Who will win – Logan Couture: The funny thing with the NHL’s Calder award is that they tend to give it to the player with the best stat line, which in this case is Couture, despite the fact he played for San Jose in last year’s playoffs and was barely eligible to win the award this year. This isn’t a condemnation of Couture, but Skinner made a bigger impact at a much younger age than the other two nominees.

Lady Byng Memorial Trophy: Most Gentlemanly Player

NOMINEES: Loui Eriksson, Nicklas Lidstrom, Martin St. Louis

Who should/will win – Take your pick, really: All three are genuinely kind NHL players; Eriksson had 8 penalty minutes, Lidstrom had 20, and St. Louis had 12. All three play competitively and with a bit of an edge. My money’s on St. Louis, just because he’s won this award before.

Selke Trophy – Best defensive forward

NOMINEES: Pavel Datsyuk, Ryan Kesler, Jonathan Toews

Who should/will win – Ryan Kesler: It’s time. Kesler worked his tail off all season, keeping in tune with his defensive abilities while chalking up 40 goals to his name. That’s no accident. Ryan Kesler is the NHL’s best two-way forward and the model for success at both ends of the rink. This could be the first of many.

Jack Adams Award – Best Coach

NOMINEES: Barry Trotz, Dan Bylsma, Alain Vigneault

Who should win – Dan Bylsma: Any time a coach (let alone one in his third year) can get his team into the playoffs despite missing both Sidney Crosby AND Evgeni Malkin, you’ve earned my eternal respect. Bylsma’s team got better without the two, and nearly forged their way into the second round before dropping game seven to Tampa Bay.

Who will win – Barry Trotz: This is a long overdue award. Trotz could easily be a perennial Jack Adams winner by now; his team has zero superstars, yet is competitive year in and year out. He builds his team around solid goaltending and defense. If he had a superstar forward, he’d have won a couple of these.

Bill Masterton Award – Perseverance

NOMINEES: Ray Emery, Daymond Langkow, Ian Laperriere

Who should/will win – Ray Emery: I like all three players because they’ve come back from injury, but Emery’s career was this close to ending, and only experimental surgery salvaged it.
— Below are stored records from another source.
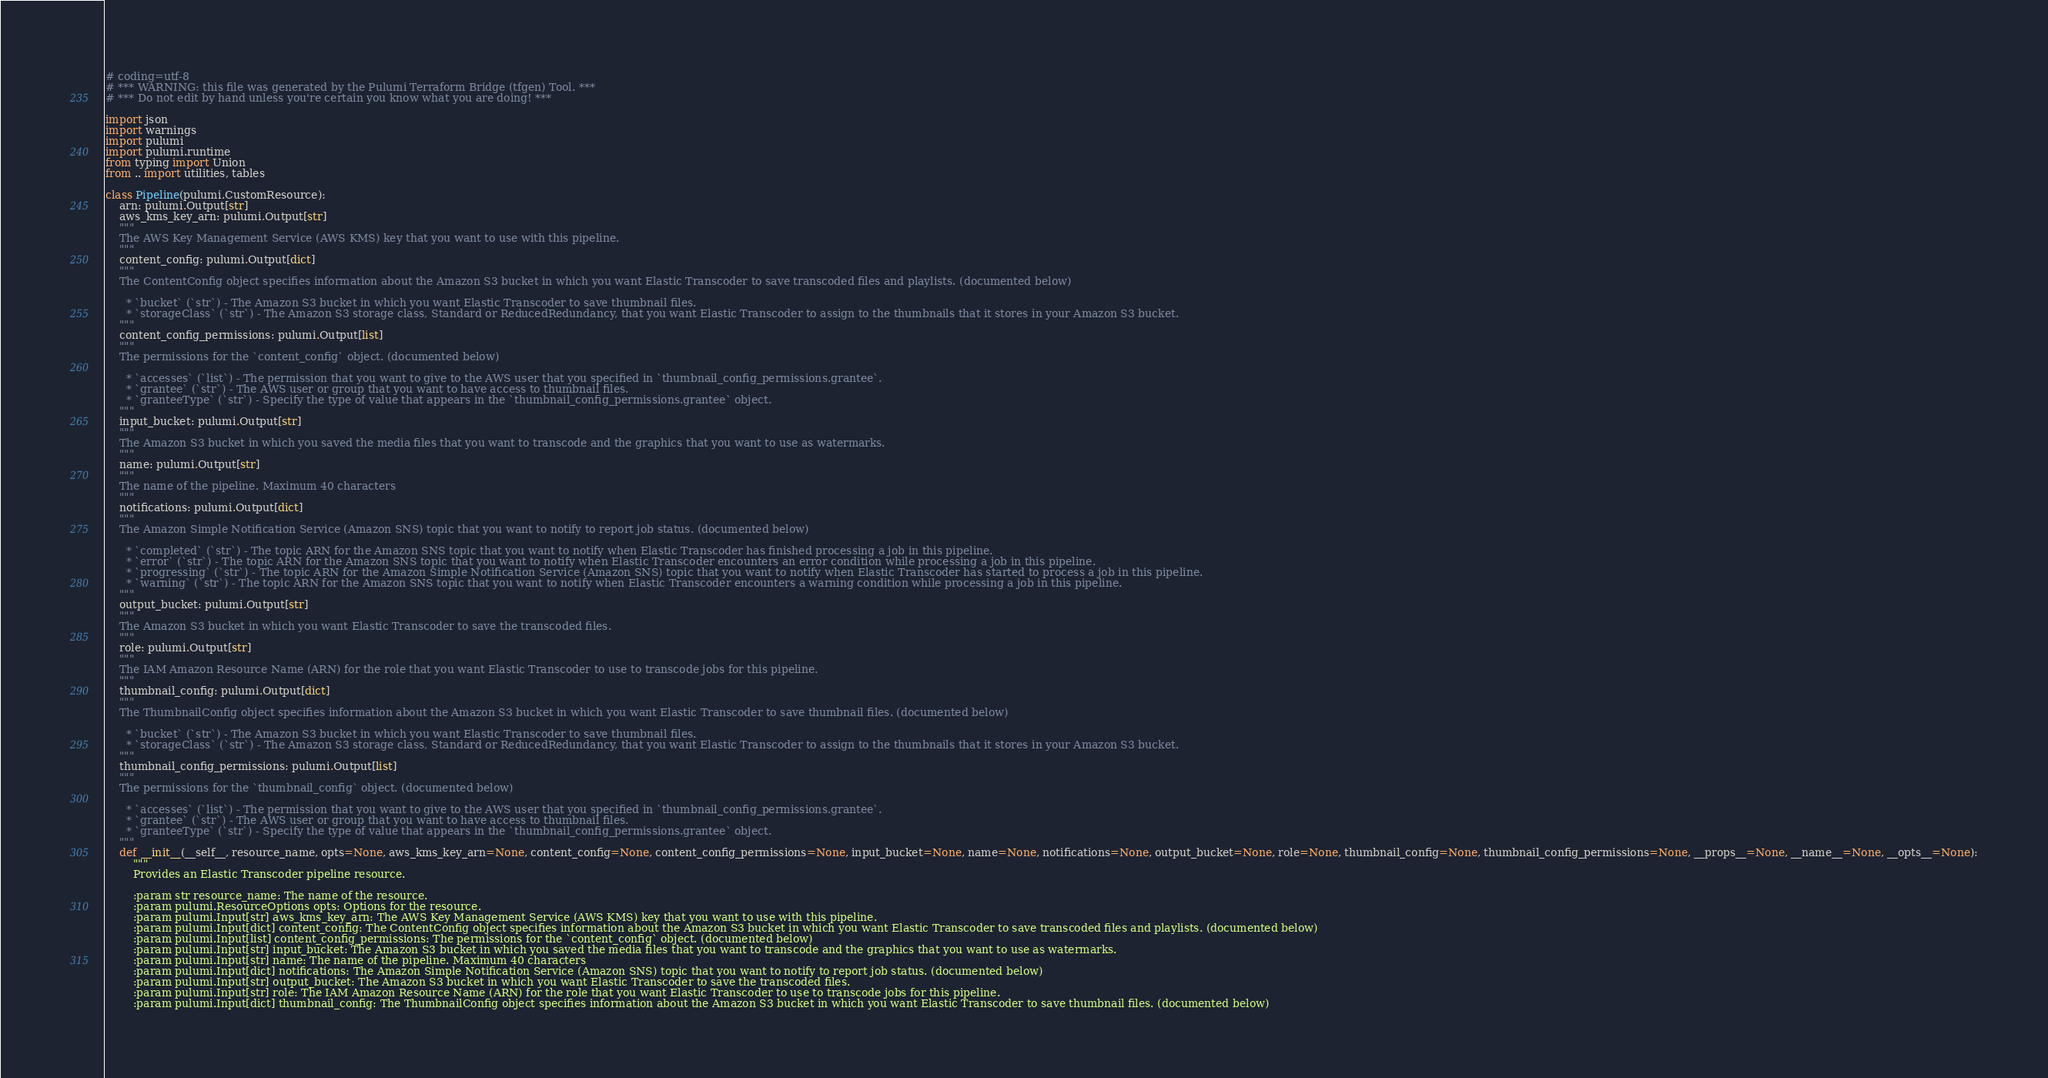<code> <loc_0><loc_0><loc_500><loc_500><_Python_># coding=utf-8
# *** WARNING: this file was generated by the Pulumi Terraform Bridge (tfgen) Tool. ***
# *** Do not edit by hand unless you're certain you know what you are doing! ***

import json
import warnings
import pulumi
import pulumi.runtime
from typing import Union
from .. import utilities, tables

class Pipeline(pulumi.CustomResource):
    arn: pulumi.Output[str]
    aws_kms_key_arn: pulumi.Output[str]
    """
    The AWS Key Management Service (AWS KMS) key that you want to use with this pipeline.
    """
    content_config: pulumi.Output[dict]
    """
    The ContentConfig object specifies information about the Amazon S3 bucket in which you want Elastic Transcoder to save transcoded files and playlists. (documented below)
    
      * `bucket` (`str`) - The Amazon S3 bucket in which you want Elastic Transcoder to save thumbnail files.
      * `storageClass` (`str`) - The Amazon S3 storage class, Standard or ReducedRedundancy, that you want Elastic Transcoder to assign to the thumbnails that it stores in your Amazon S3 bucket.
    """
    content_config_permissions: pulumi.Output[list]
    """
    The permissions for the `content_config` object. (documented below)
    
      * `accesses` (`list`) - The permission that you want to give to the AWS user that you specified in `thumbnail_config_permissions.grantee`.
      * `grantee` (`str`) - The AWS user or group that you want to have access to thumbnail files.
      * `granteeType` (`str`) - Specify the type of value that appears in the `thumbnail_config_permissions.grantee` object.
    """
    input_bucket: pulumi.Output[str]
    """
    The Amazon S3 bucket in which you saved the media files that you want to transcode and the graphics that you want to use as watermarks.
    """
    name: pulumi.Output[str]
    """
    The name of the pipeline. Maximum 40 characters
    """
    notifications: pulumi.Output[dict]
    """
    The Amazon Simple Notification Service (Amazon SNS) topic that you want to notify to report job status. (documented below)
    
      * `completed` (`str`) - The topic ARN for the Amazon SNS topic that you want to notify when Elastic Transcoder has finished processing a job in this pipeline.
      * `error` (`str`) - The topic ARN for the Amazon SNS topic that you want to notify when Elastic Transcoder encounters an error condition while processing a job in this pipeline.
      * `progressing` (`str`) - The topic ARN for the Amazon Simple Notification Service (Amazon SNS) topic that you want to notify when Elastic Transcoder has started to process a job in this pipeline.
      * `warning` (`str`) - The topic ARN for the Amazon SNS topic that you want to notify when Elastic Transcoder encounters a warning condition while processing a job in this pipeline.
    """
    output_bucket: pulumi.Output[str]
    """
    The Amazon S3 bucket in which you want Elastic Transcoder to save the transcoded files.
    """
    role: pulumi.Output[str]
    """
    The IAM Amazon Resource Name (ARN) for the role that you want Elastic Transcoder to use to transcode jobs for this pipeline.
    """
    thumbnail_config: pulumi.Output[dict]
    """
    The ThumbnailConfig object specifies information about the Amazon S3 bucket in which you want Elastic Transcoder to save thumbnail files. (documented below)
    
      * `bucket` (`str`) - The Amazon S3 bucket in which you want Elastic Transcoder to save thumbnail files.
      * `storageClass` (`str`) - The Amazon S3 storage class, Standard or ReducedRedundancy, that you want Elastic Transcoder to assign to the thumbnails that it stores in your Amazon S3 bucket.
    """
    thumbnail_config_permissions: pulumi.Output[list]
    """
    The permissions for the `thumbnail_config` object. (documented below)
    
      * `accesses` (`list`) - The permission that you want to give to the AWS user that you specified in `thumbnail_config_permissions.grantee`.
      * `grantee` (`str`) - The AWS user or group that you want to have access to thumbnail files.
      * `granteeType` (`str`) - Specify the type of value that appears in the `thumbnail_config_permissions.grantee` object.
    """
    def __init__(__self__, resource_name, opts=None, aws_kms_key_arn=None, content_config=None, content_config_permissions=None, input_bucket=None, name=None, notifications=None, output_bucket=None, role=None, thumbnail_config=None, thumbnail_config_permissions=None, __props__=None, __name__=None, __opts__=None):
        """
        Provides an Elastic Transcoder pipeline resource.
        
        :param str resource_name: The name of the resource.
        :param pulumi.ResourceOptions opts: Options for the resource.
        :param pulumi.Input[str] aws_kms_key_arn: The AWS Key Management Service (AWS KMS) key that you want to use with this pipeline.
        :param pulumi.Input[dict] content_config: The ContentConfig object specifies information about the Amazon S3 bucket in which you want Elastic Transcoder to save transcoded files and playlists. (documented below)
        :param pulumi.Input[list] content_config_permissions: The permissions for the `content_config` object. (documented below)
        :param pulumi.Input[str] input_bucket: The Amazon S3 bucket in which you saved the media files that you want to transcode and the graphics that you want to use as watermarks.
        :param pulumi.Input[str] name: The name of the pipeline. Maximum 40 characters
        :param pulumi.Input[dict] notifications: The Amazon Simple Notification Service (Amazon SNS) topic that you want to notify to report job status. (documented below)
        :param pulumi.Input[str] output_bucket: The Amazon S3 bucket in which you want Elastic Transcoder to save the transcoded files.
        :param pulumi.Input[str] role: The IAM Amazon Resource Name (ARN) for the role that you want Elastic Transcoder to use to transcode jobs for this pipeline.
        :param pulumi.Input[dict] thumbnail_config: The ThumbnailConfig object specifies information about the Amazon S3 bucket in which you want Elastic Transcoder to save thumbnail files. (documented below)</code> 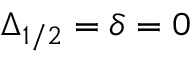Convert formula to latex. <formula><loc_0><loc_0><loc_500><loc_500>\Delta _ { 1 / 2 } = \delta = 0</formula>

Not only that, he went from playing for Syracuse in the AHL to some postseason action with Anaheim this spring. Now that’s a great story.

Ted Lindsay Award – MVP voted by players

NOMINEES: Corey Perry, Daniel Sedin, Steven Stamkos

Who should/will win – Steven Stamkos: I think most NHL players have grasped that what Steven Stamkos did this season is phenomenal. With all due respect to Perry and Sedin, Stamkos scored 91 points while still being only a kid, and he did it under a new coach. Stamkos took Tampa Bay and carried them on his back many times; his ability to come back after nearly getting his nose blown off in game seven versus Boston is an indication of his integrity and heart.

Bridgestone Messier Leadership Award – Best Leader

Who should/will win – Shane Doan: Doan is the quintessential leader by example; even though his Phoenix team was subject to relocation rumours all season, he kept his team afloat in the locker room and got them to the postseason for the second straight year. A leader is someone who can block out all the negative media attention and continue being a presence on his team, which is exactly what Doan did this season.